The central sleeve 28 may comprise an upper support surface 32 allowing the assembly formed by the first mixing chamber 4, the filtering structure 8 and the closure member 20 to rest on the central sleeve 28. Thus, the first mixing chamber 4 is held in position inside the second mixing chamber 14 via the central sleeve 28. As can be seen in FIGS. 9 to 11, the first mixing chamber 4, the closure member 20 or the filtering structure 8 may comprise a sleeve 34 designed to cooperate in complementary form with the central sleeve 28 of the second mixing chamber 14. This arrangement offers the advantage of greater stability and greater robustness of the lighting device 1. The leakage orifice 6 may comprise a filtering wall, shown diagrammatically in FIG. 3 for one of the three leakage orifices 6, intended to convert the wavelength of the light emitted by the light source 2 into a length wave different from that obtained during the conversion of the wavelength of the light emitted by the light source 2 by the filtering structure 8. As illustrated in FIG. 3, the filtering structure 8 comprises, for example, a layer 36 comprising a filtering material. The layer 36 may be supported by a support portion 38 defining an opening in which the layer 36 comprising the filter material extends.

As can be seen in FIG. 1, the lateral wall 12 of the first mixing chamber 4 may comprise a shoulder 40 on which the support portion 38 of the filtering structure 8 is to bear. As illustrated in FIG. 4, the closure member 20 may comprise a flap 42 superimposed on the filtering structure 8, the flap 42 being movable relative to the filtering structure 8 to cover or disengage the leakage orifice 6 , the leakage orifice 6 being here formed in the filtering structure 8. The side wall 12 of the first mixing chamber 4 may comprise a shoulder 44 on which the closure member 10 is intended to bear, the shoulder 44 being arranged to take the closure member 20 in sandwich with the filtering structure 8. The closure member 20 can be secured to the first mixing chamber 4, for example by being glued to the shoulder 44. The filtering structure 8 can in turn be secured to the second mixing chamber 14, by example being glued or force-fitted on the sleeve 28 of the second central chamber 14 of mixing. The leakage orifice 6 may be formed in the filtering structure 8 as shown in FIGS. 1 to 15, in particular in the support portion 38 of the filtering structure 8, or possibly in one of the walls of the first mixing chamber 4 among the side wall 12 or the bottom 10 of the first mixing chamber 4. According to the example of FIGS. 9 to 13, the leakage orifice 6 may be arranged on an outside diameter of the filtering structure 8. According to the example of FIGS. 14 and 15, the leakage orifice 6 may be provided on an inside diameter of the filtering structure 8. As shown in Figure 2, the second mixing chamber 14 may include a diffuser 48 arranged to at least partially cover the outlet opening.
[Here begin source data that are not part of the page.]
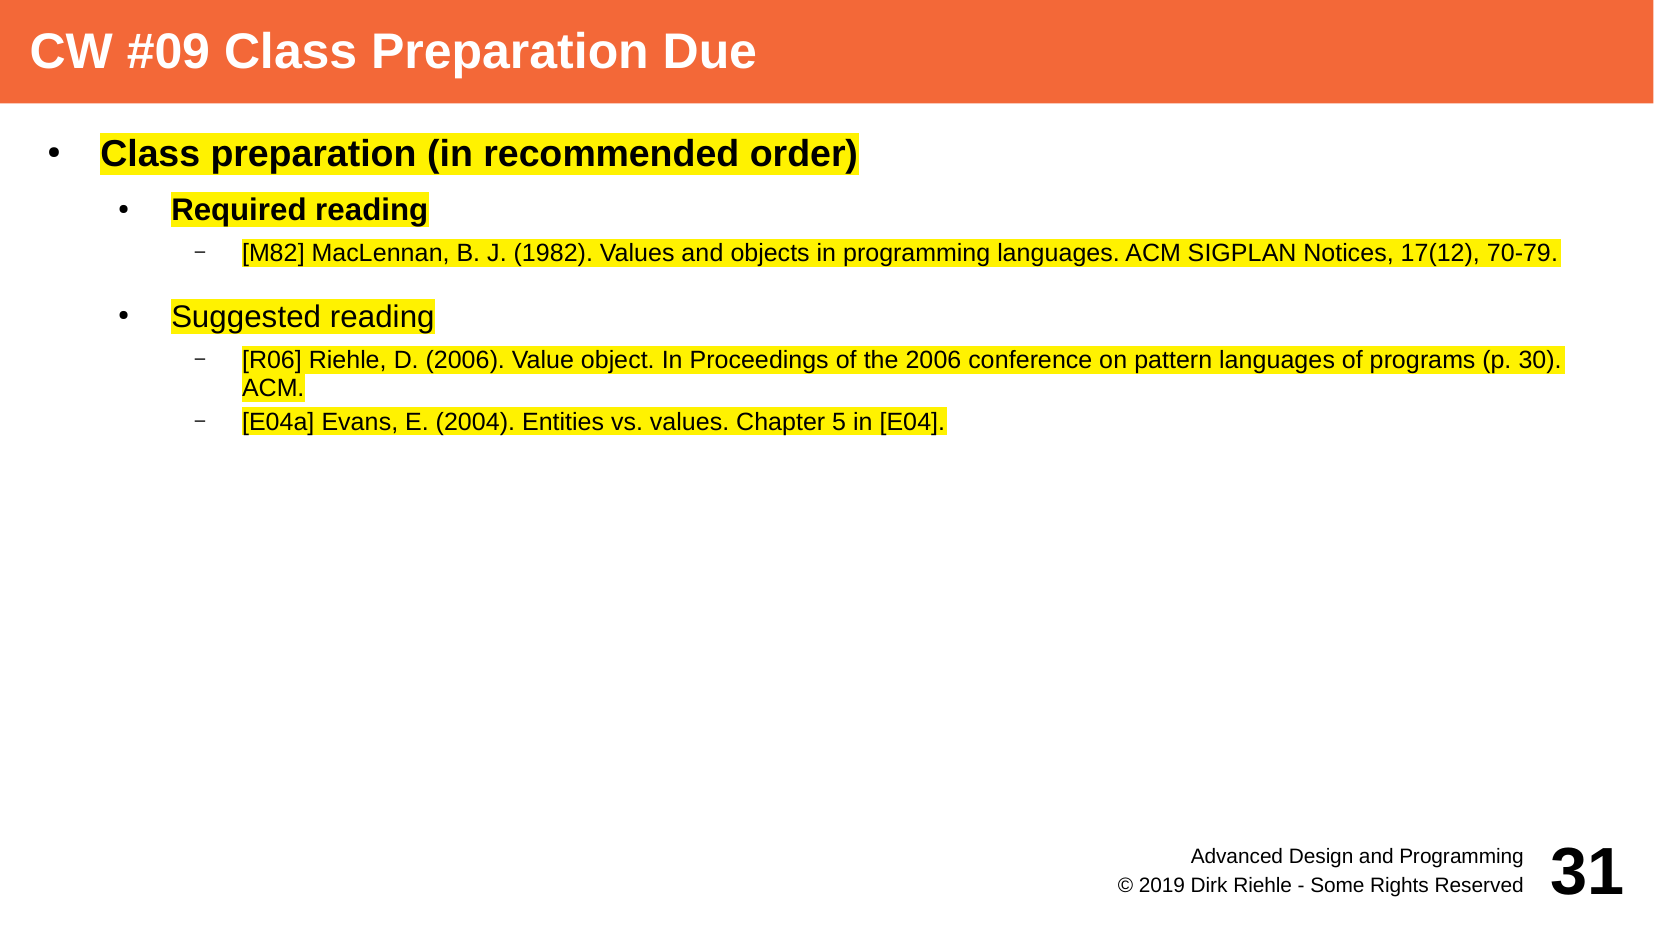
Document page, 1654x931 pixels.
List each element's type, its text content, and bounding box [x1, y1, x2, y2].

list Class preparation (in recommended order) Required reading [M82] MacLennan, B. J. (1982). Values and objects in programming languages. ACM SIGPLAN Notices, 17(12), 70-79. Suggested reading [R06] Riehle, D. (2006). Value object. In Proceedings of the 2006 conference on pattern languages of programs (p. 30). ACM. [E04a] Evans, E. (2004). Entities vs. values. Chapter 5 in [E04]. [29, 132, 1625, 813]
title CW #09 Class Preparation Due [0, 0, 1654, 104]
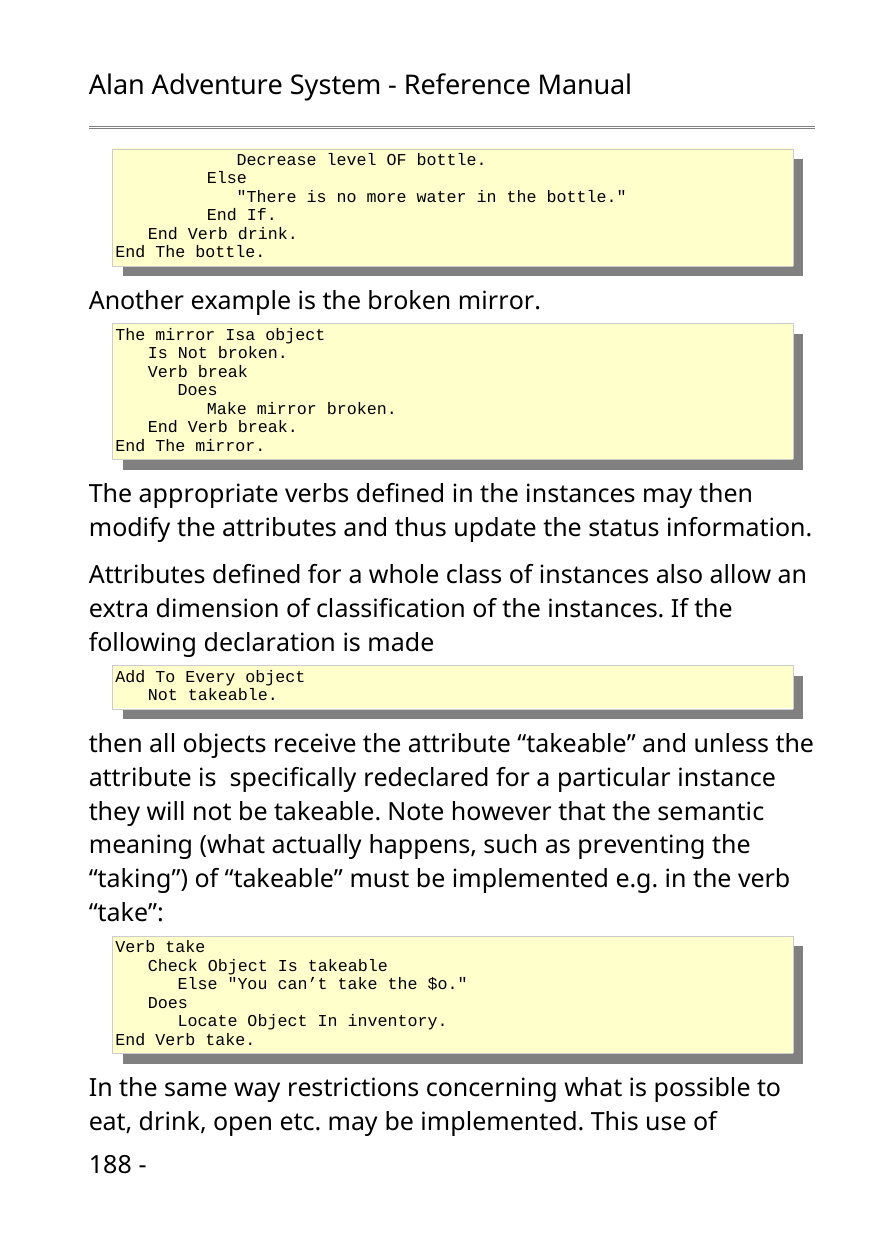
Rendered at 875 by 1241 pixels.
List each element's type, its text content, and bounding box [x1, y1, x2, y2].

text The mirror Isa object Is Not broken. Verb break Does Make mirror broken. End Verb break. End The mirror. [113, 324, 793, 459]
text Decrease level OF bottle. Else "There is no more water in the bottle." End If. End Verb drink. End The bottle. [113, 150, 793, 266]
text The appropriate verbs defined in the instances may then modify the attributes and thus update the status information. [88, 476, 815, 544]
text Attributes defined for a whole class of instances also allow an extra dimension of classification of the instances. If the following declaration is made [88, 557, 815, 659]
text then all objects receive the attribute “takeable” and unless the attribute is specifical­ly redeclared for a particular instance they will not be takeable. Note however that the se­mantic meaning (what actually happens, such as preventing the “taking”) of “takeable” must be implemented e.g. in the verb “take”: [88, 726, 815, 929]
text Add To Every object Not takeable. [113, 666, 793, 708]
text Verb take Check Object Is takeable Else "You can’t take the $o." Does Locate Object In inventory. End Verb take. [113, 937, 793, 1053]
text In the same way restrictions concerning what is possible to eat, drink, open etc. may be implemented. This use of [88, 1070, 815, 1138]
text Another example is the broken mirror. [88, 283, 815, 317]
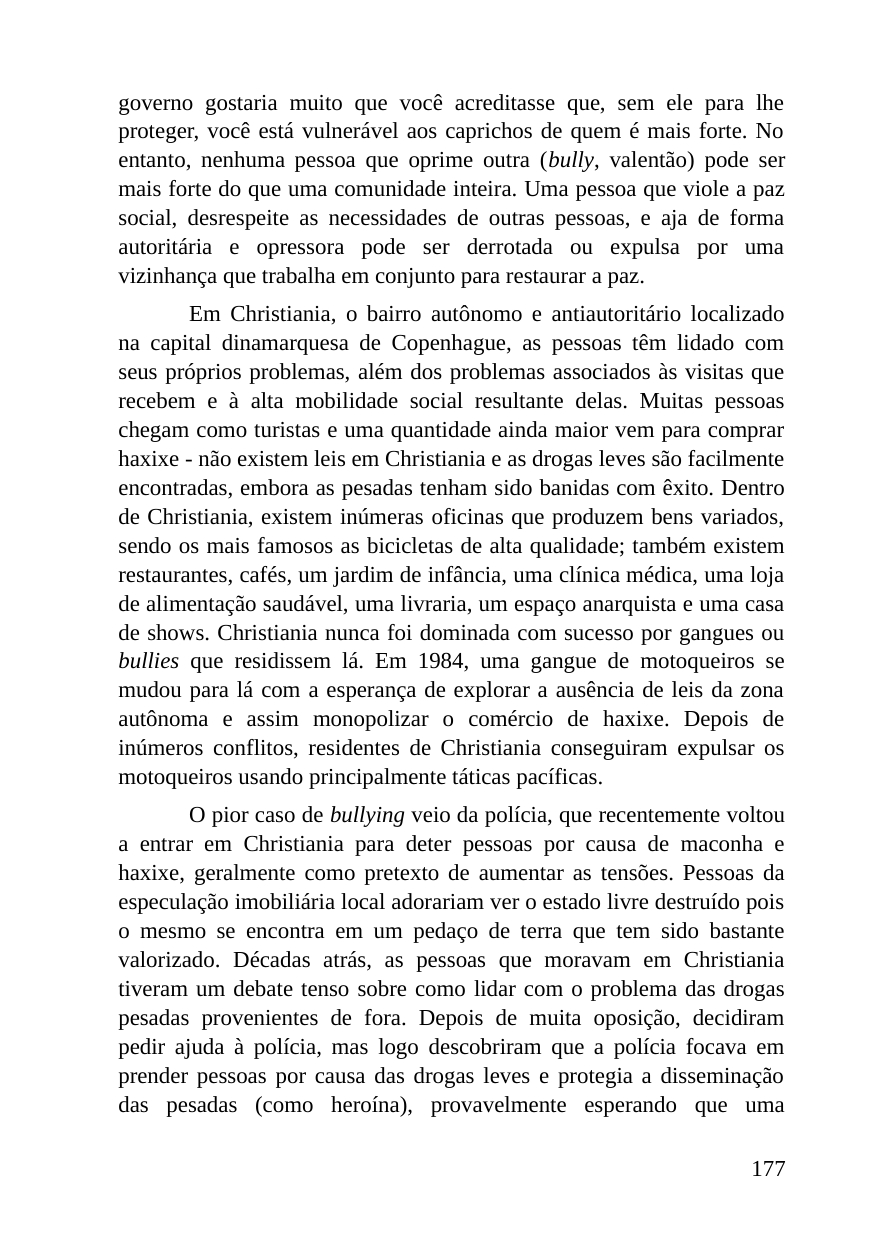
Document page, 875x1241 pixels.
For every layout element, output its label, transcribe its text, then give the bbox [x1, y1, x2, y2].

The diffuser 48 can be supported on a shoulder 46 formed on the side wall 18 of the second mixing chamber 14. The outlet opening may also include a layer comprising a filter material. This layer of filtering material may thus comprise phosphorus, for example making it possible to modify the color temperature of the light mixed in the second mixing chamber in a color temperature range which may be between 7000 ° K. and 9000 ° K. in particular of the order of 8000 ° K.

The light source 2 can be arranged at the bottom 10 of the first mixing chamber 4 to emit light towards the opening delimited by the lateral wall 12 of the first mixing chamber 4, thus towards the bottom 16 of the second chamber 14 mixing.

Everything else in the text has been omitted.